Sunday, March 23rd, 2008

Frank Bruni, normally the restaurant reviewer for the New York Times, asks the real question brought on by the serial scandals/admissions/accusations concerning the private lives of the Governors of the tri-state area, or, as it should be known from now on, the Northeast Threesome:

[A]re the rest of us idling in the sexual slow lane? Come to think of it, are we even traveling the same highway?

I’m joking, sort of, but the fact of the matter is that Eliot Spitzer, James McGreevey and David Paterson have, among their other contributions to public life, provided a behavioral yardstick as unsettling as any that Alfred Kinsey or Masters and Johnson ever produced. They’ve underscored our flimsy grasp of what goes on inside marriages and outside of them, making us feel like sheltered boobs…

It’s not just about political careers dashed and campaign funds pillaged. It’s about libido and limits.

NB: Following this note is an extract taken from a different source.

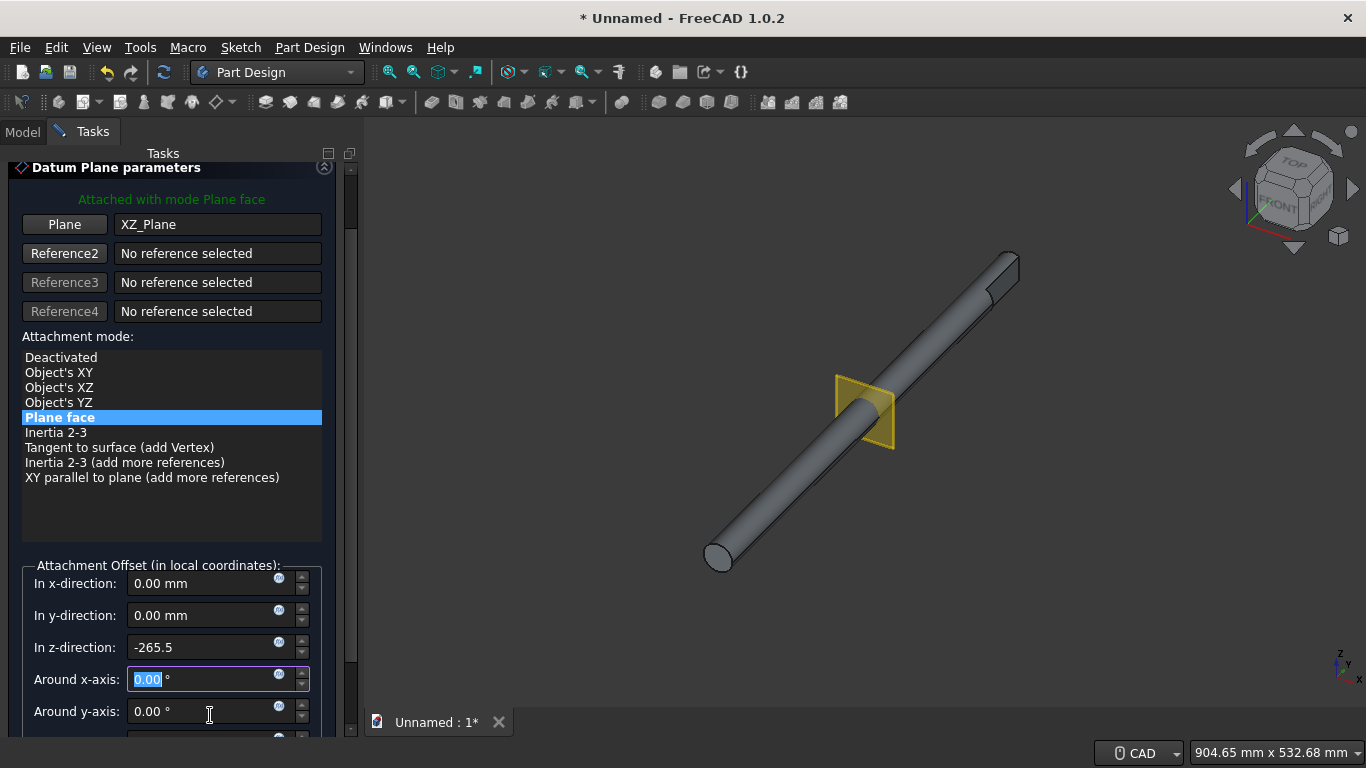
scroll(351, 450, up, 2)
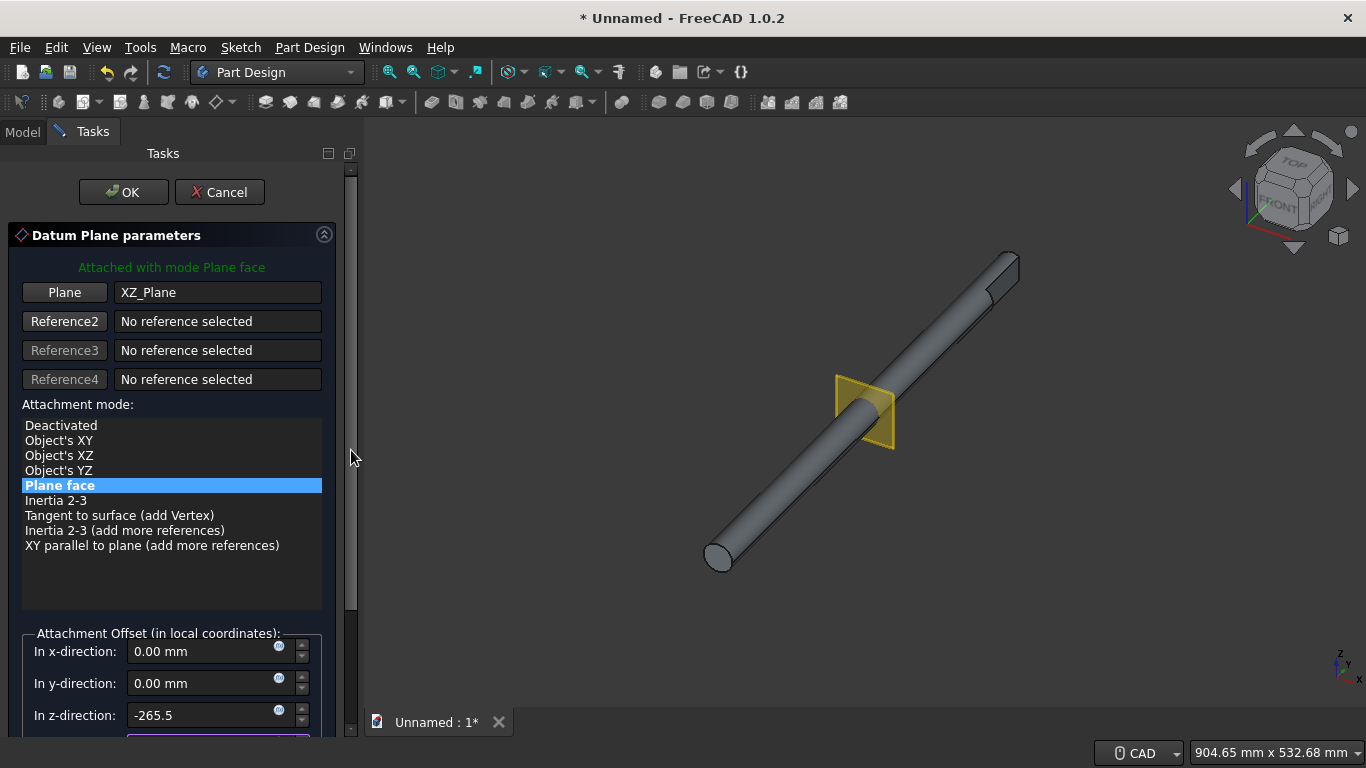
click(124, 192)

About where philanderers go (the Days Inn?), what they hunger for (T.G.I. Friday’s?), and when prophylactics come into play.

Huh… what an interesting notion… this idea that stories of remarkably adventurous sex and/or other kinds of moral misadventure make the rest of us vanilla folk wonder what the heck is going on, and what we’re missing. If only a representative member of the Rest of Us were to explore these other lives, and report back! That would be cool, wouldn’t it?

Oh, and to answer his questions: sometimes; you’d be surprised; and most people, escorts or not, insist on them.

Because I Could Not Stop for Equapluh, It Kindly Stopped For Me

Wednesday, March 19th, 2008

Sorry for the silence… I actually wrote a post the other day, then thought to send it instead to my editor at ATC… she liked it, and it’ll be broadcast as a commentary soon.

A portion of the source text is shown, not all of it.